On YC startup exits
As a venture capital fund manager, one of the questions I’m asked most often by LPs is “How long will it take to get my money back?”
At Rebel Fund, our job is to invest in the top 5–10% of new Y Combinator startups each year, and in doing so return not only our investors’ initial capital but also earn them a strong financial return over time. Since we typically only return cash to LPs once our portfolio companies achieve an exit (secondary transactions notwithstanding) the purpose of this post is to find exactly how long post-YC it typically takes startups to either get acquired or go public.
In my previous post On 101 Y Combinator unicorns we analyzed the 314 private and 16 public startups on YC’s latest Top Companies list, each now valued at over $150M. However, there are a subset of those 330 startups who have achieved an exit (45 to be exact) and today we’ll take a deeper dive into those stars of investor and founder liquidity.
As of now, there are 29 startups on the Top Companies list who achieved an acquisition. While this doesn’t account for all YC startups who have been acquired, it does represent the largest acquisitions which tend to drive the vast majority of investor returns given the steep power law curve of early-stage startup investing.
As you’ll see in the chart below, it took these companies an average of 7 years to get acquired, with a range of 1 to 12 years. These companies have a combined value today of ~$50B. As mentioned in previous posts, early-stage startup investing is only for the patient!
Now moving on to the 16 public YC companies, guess what — we get the exact same 7 year average to achieve an IPO. These companies have a combined value today of ~$130B.
While that answers our most pressing question, let’s dive a bit deeper.
YC has been around since 2005, and a lot has changed over the years. One trend we’ve noticed is the average time it takes YC startups to get acquired has greatly accelerated from 9 years (2007–2012 batches) to 5 years (2013–2018 batches). So, startup investors these days don’t need to be quite as patient as before¹
On the public company front it looks the exact same, with an average 9 years from YC to IPO (2007–2013 batches) accelerating to 5 years (2014–2020 batches).
Both the charts above are somewhat distorted as companies in more recent batches who will exit but haven’t yet should eventually bring up the average exit times for their batch years once they do. However, the general trend of accelerating exit times is undeniable.
In other recent posts, I’ve pointed to the dominance of Silicon Valley in producing top-performing technology startups (even if said dominance is slowly eroding).
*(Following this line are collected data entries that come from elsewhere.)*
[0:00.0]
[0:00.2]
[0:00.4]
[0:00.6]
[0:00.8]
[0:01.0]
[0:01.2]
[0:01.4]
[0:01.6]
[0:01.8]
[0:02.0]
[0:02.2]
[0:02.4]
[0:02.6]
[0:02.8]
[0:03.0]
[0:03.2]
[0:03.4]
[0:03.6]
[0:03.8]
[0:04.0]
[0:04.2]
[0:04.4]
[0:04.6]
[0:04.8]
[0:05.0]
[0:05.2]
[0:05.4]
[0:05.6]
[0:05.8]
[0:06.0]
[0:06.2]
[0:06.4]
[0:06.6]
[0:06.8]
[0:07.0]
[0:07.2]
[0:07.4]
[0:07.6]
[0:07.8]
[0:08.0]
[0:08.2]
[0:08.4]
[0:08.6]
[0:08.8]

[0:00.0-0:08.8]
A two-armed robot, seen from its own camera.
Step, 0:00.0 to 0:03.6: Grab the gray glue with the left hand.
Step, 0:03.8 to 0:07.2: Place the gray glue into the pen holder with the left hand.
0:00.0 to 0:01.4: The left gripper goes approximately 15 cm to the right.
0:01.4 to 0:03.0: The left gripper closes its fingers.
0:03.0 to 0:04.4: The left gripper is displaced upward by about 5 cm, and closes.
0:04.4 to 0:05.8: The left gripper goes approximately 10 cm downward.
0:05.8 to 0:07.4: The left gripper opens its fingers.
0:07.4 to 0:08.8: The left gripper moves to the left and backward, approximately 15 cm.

We get the message loud-and-clear when looking at the proportion of acquired YC startups that hail from the San Francisco Bay Area — a full 76% of all acquired Top Companies.
We get the message even louder-and-clearer when looking at the proportion of public YC startups from the SF Bay Area — a whopping 88% of them!
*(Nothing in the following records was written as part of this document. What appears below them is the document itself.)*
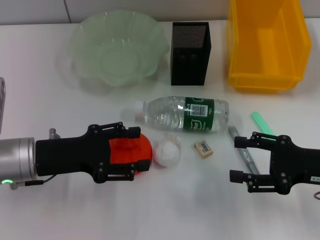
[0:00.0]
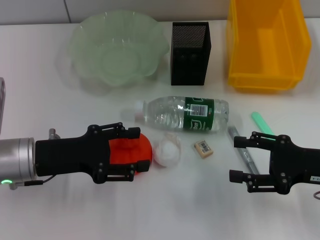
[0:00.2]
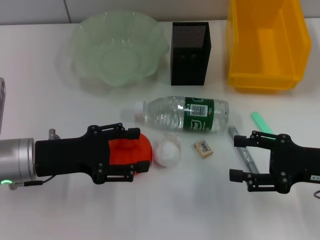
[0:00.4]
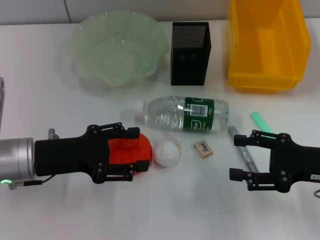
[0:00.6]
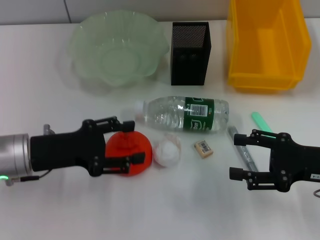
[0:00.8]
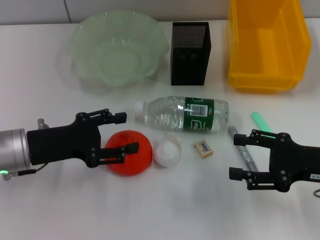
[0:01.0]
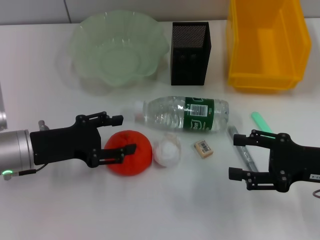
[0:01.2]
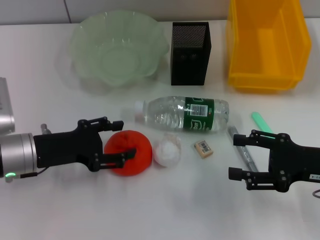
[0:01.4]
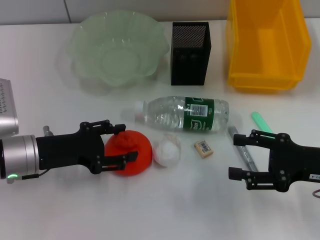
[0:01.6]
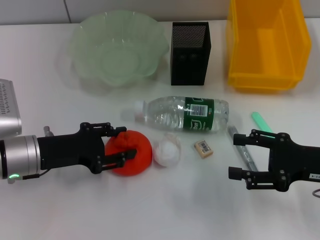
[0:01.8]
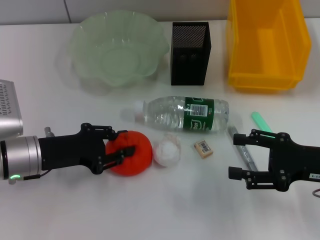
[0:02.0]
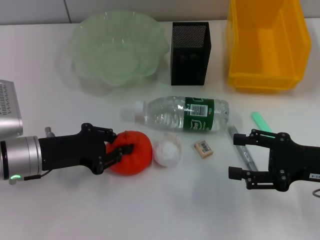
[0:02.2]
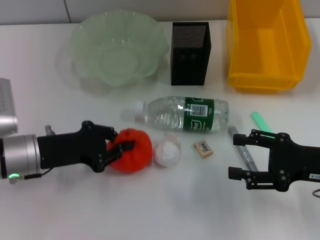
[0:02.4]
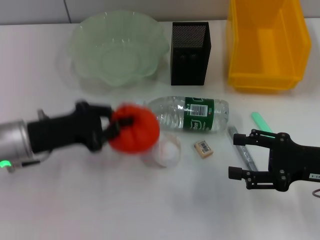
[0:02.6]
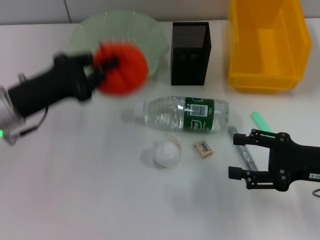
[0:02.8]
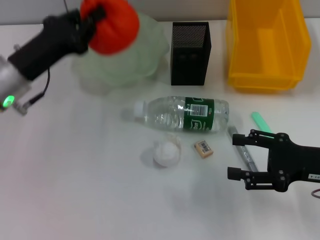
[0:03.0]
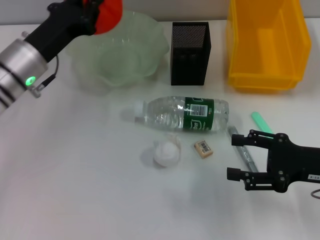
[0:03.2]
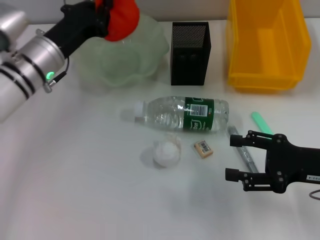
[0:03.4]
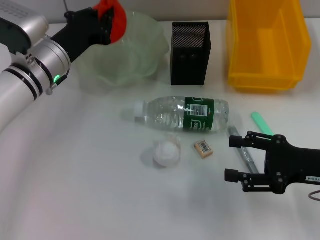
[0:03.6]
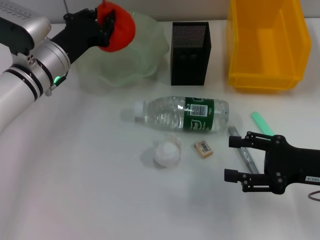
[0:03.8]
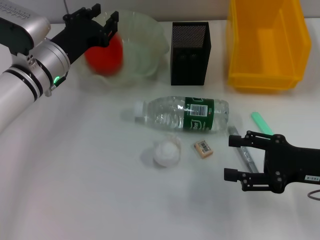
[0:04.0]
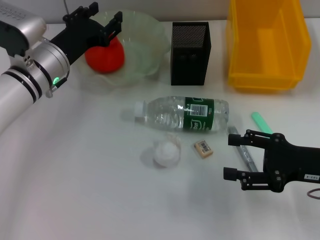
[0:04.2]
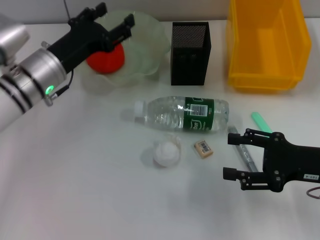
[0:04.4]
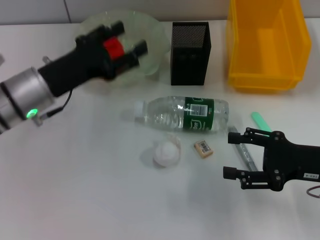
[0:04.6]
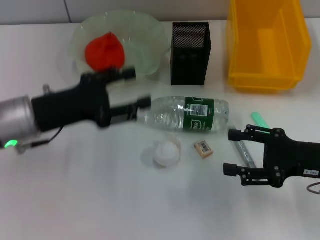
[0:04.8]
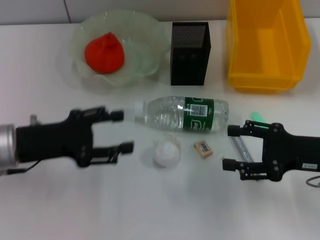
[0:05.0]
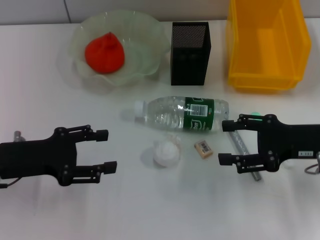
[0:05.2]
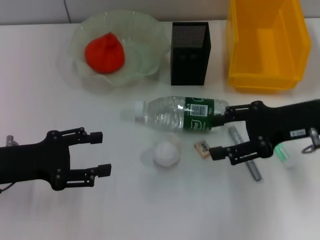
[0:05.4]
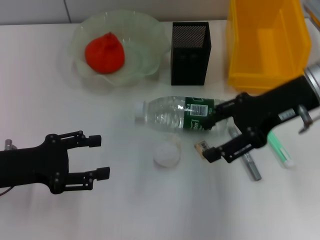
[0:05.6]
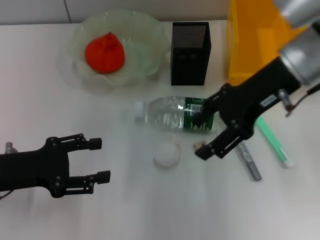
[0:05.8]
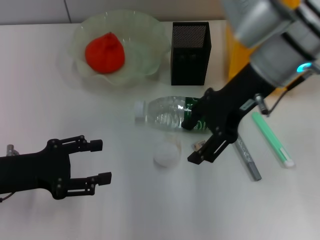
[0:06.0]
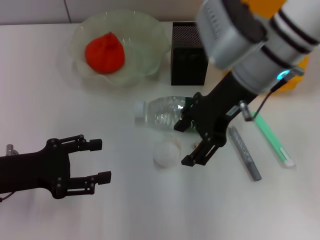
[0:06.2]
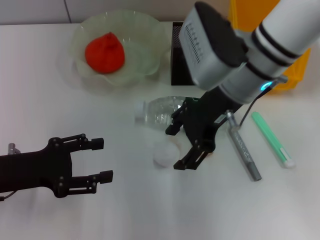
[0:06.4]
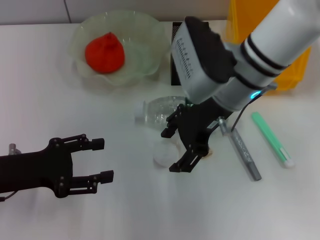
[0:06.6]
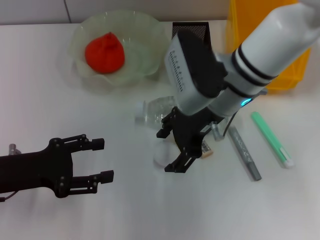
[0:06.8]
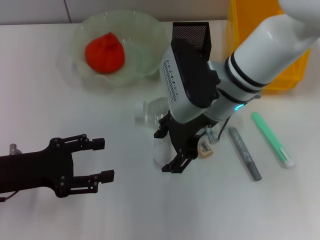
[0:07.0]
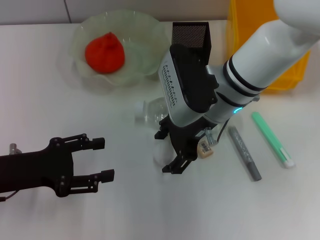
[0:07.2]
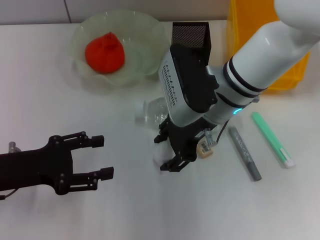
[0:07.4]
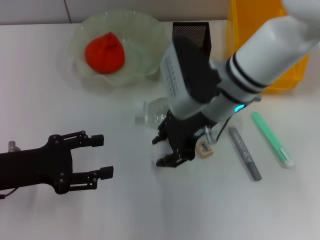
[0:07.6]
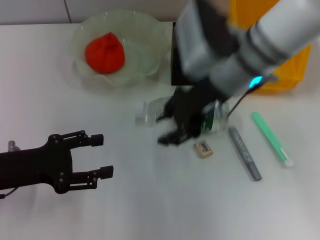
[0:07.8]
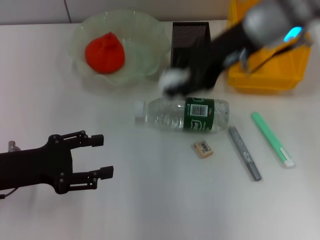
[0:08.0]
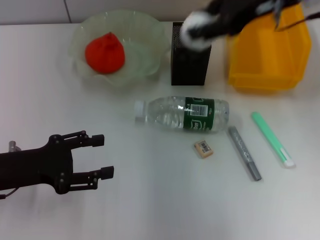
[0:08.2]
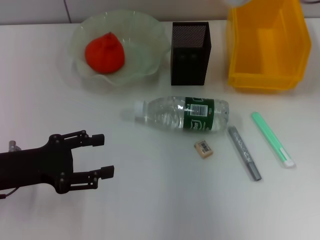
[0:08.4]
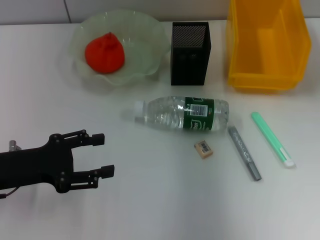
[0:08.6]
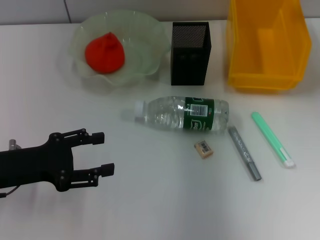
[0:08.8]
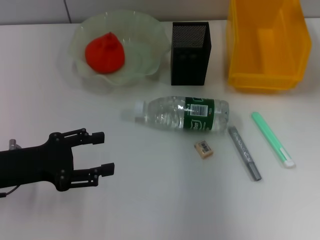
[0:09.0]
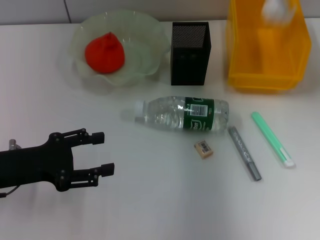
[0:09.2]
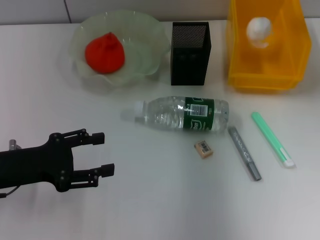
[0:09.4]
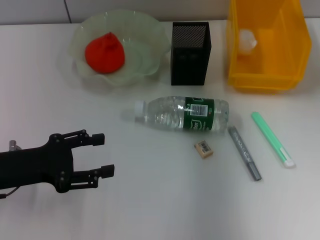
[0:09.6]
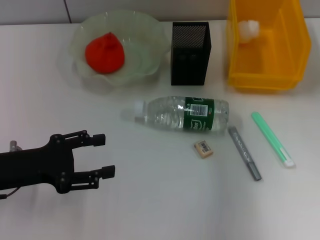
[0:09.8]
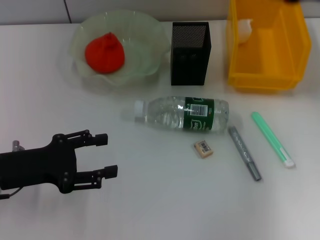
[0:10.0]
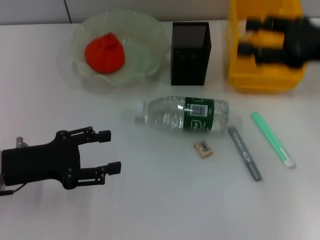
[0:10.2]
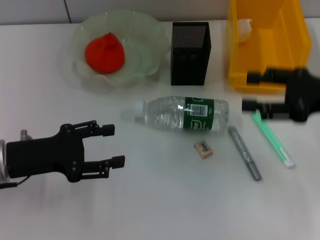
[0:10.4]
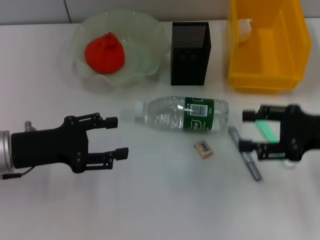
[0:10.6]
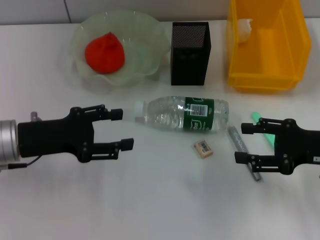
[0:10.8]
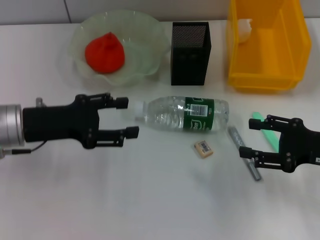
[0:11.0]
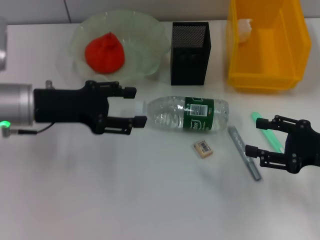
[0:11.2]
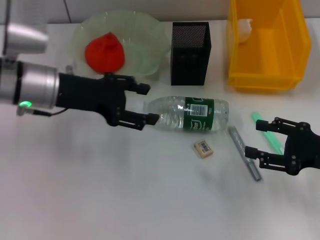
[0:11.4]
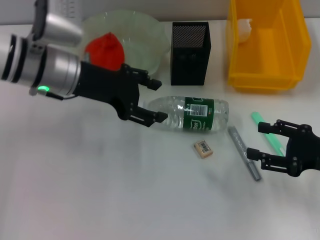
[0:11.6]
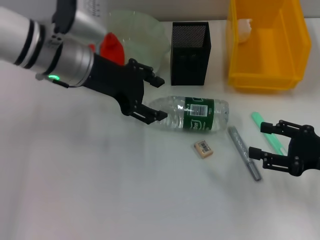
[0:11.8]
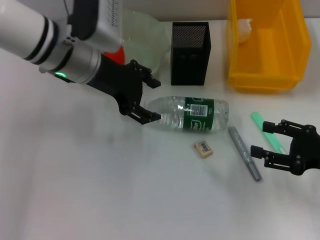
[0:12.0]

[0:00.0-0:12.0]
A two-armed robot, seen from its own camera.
Step, 0:00.0 to 0:02.0: Grab the orange with the left hand.
Step, 0:02.2 to 0:04.0: Place the orange into the fruit bowl with the left hand.
Step, 0:04.2 to 0:07.4: Grab the paper ball with the right hand.
Step, 0:07.6 to 0:10.0: Place the paper ball into the trash can with the right hand.
0:00.0 to 0:01.6: There are only small adjustments of the grippers.
0:01.6 to 0:03.0: The left gripper goes some 10 cm upward and forward, and closes up.
0:03.0 to 0:04.4: The left gripper changes place by about 5 cm, and opens its fingers.
0:04.4 to 0:06.0: The left gripper travels backward and to the left by some 15 cm, while the right gripper moves to the left, upward and forward, roughly 25 cm.
0:06.0 to 0:07.6: The right gripper shifts roughly 10 cm downward and to the left.
0:07.6 to 0:09.0: The right gripper goes roughly 20 cm to the right and forward.
0:09.0 to 0:10.4: The right gripper is displaced backward and downward by some 15 cm, and opens its fingers.
0:10.4 to 0:12.0: The right gripper is displaced downward and backward by some 10 cm. The left gripper moves forward, to the right and upward, some 20 cm.

I didn’t even bother charting the proportion of exited startups from the US vs international, as there’s only 1 exited international top YC startup thus far, Paystack in Africa.
To take this thread even further, if we look at the proportion of minicorn ($150M-$999M valuation), unicorn ($1B+ valuation), acquired, and public YC startups that are headquartered in the SF Bay Area, we can see that Silicon Valley startups become more and more dominant the further they progress on the road to IPO.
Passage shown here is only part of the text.